▶

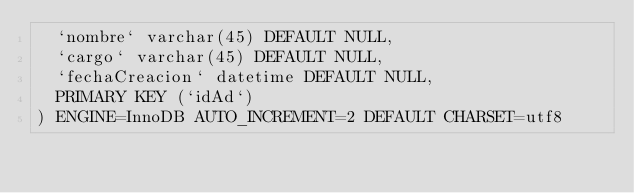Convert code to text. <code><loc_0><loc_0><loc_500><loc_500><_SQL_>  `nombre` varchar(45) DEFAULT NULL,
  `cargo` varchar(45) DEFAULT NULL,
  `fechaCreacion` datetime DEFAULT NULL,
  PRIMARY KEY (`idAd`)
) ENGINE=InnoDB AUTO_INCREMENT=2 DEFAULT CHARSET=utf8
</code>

◀

• [ASSIGNED TASK] Your reply should repeat the entries above exactly, leaving the pictures out.

• [RESULT BELOW]
Convert code to text. <code><loc_0><loc_0><loc_500><loc_500><_SQL_>  `nombre` varchar(45) DEFAULT NULL,
  `cargo` varchar(45) DEFAULT NULL,
  `fechaCreacion` datetime DEFAULT NULL,
  PRIMARY KEY (`idAd`)
) ENGINE=InnoDB AUTO_INCREMENT=2 DEFAULT CHARSET=utf8
</code>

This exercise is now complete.